師匠せんせい――メフルザードさんも、無事でよかったです」


 言い直したのは、一瞬当人が顔をしかめたのを見たからだ。岩の柱のてっぺんに腰かけている彼は、「なんとかな」とため息まじりに呟いた。


「ったく。少し見ない間に、また妙な連中に気に入られたな」

「俺としても不本意ですよ」

「……ま、でも、生きてこっちに戻ってきたことは褒めてやるよ」


 首を鳴らしていた傭兵が、ふいにその動きを止めて呟いた一言。それは、若者の中に清水のように染み込んできた。


 思えば、彼と別れたのは聖都に入るより前のことだった。それ以降のことを思い出すと、苦々しいものとぬくもりとが、同じだけ胸を満たしてゆく。

 じんわりとこみ上げた熱を飲み下し、イゼットは苦笑した。


「色々ありましたが、なんとか――戻りました」

「おう。また後で、詳しい話聞かせろや」


 ――彼が「後で」と言ったのは、ここへ来る者の気配を察したからなのだろう。傭兵の言葉が切れると同時に、白い子どもがイゼットたちの前に現れた。驚きすぎて顔をひきつらせているメフルザードをよそに、イゼットとルーは体を起こす。


「フーリさん! 合流できてよかったです!」

「うん」


 安堵に頬を緩めたルーの言葉に、フーリは相変わらず淡白なうなずきを返す。苦く熱い風に白い髪をなびかせた彼は、いつもより少し険しい表情で遠くの空を仰ぎ見た。

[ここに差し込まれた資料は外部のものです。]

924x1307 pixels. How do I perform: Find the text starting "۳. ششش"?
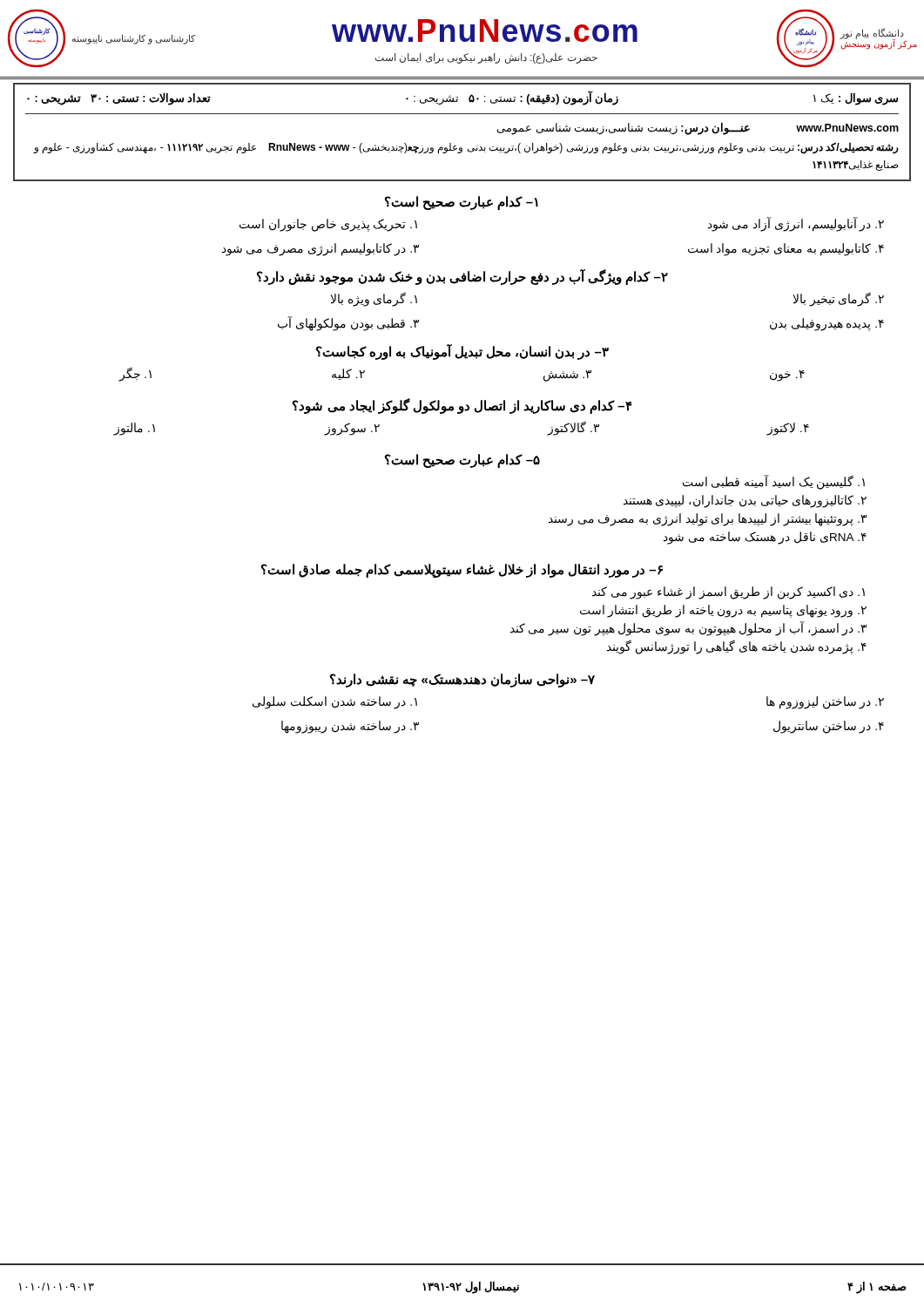tap(567, 374)

「とりあえず、牽制はした。また君たちを追ってはくるだろうが、今すぐに危険が及ぶということはない」


 色のない瞳の奥に、イゼットたちの知らない光が走った。

「ただ……予測していたよりも、彼らの動きが活発化している。一応、シャハーブに知らせた方がよいのかも知れない」


 イゼットとルーは、顔を見合わせる。決して長くない無音の時間の中で、二人は互いの思考を薄々読み取っていた。フーリに向き直ったイゼットが、先に口を開く。


「なら、フーリさんはシャハーブさんの方へ向かってください。報告が済むまでの間くらいは、持たせられると思いますから」


 言うと、フーリはわずかに頭を傾ける。承諾しかねる、というよりも、純粋に不思議そうだ。そんな彼に対して、今度はルーが言葉を向ける。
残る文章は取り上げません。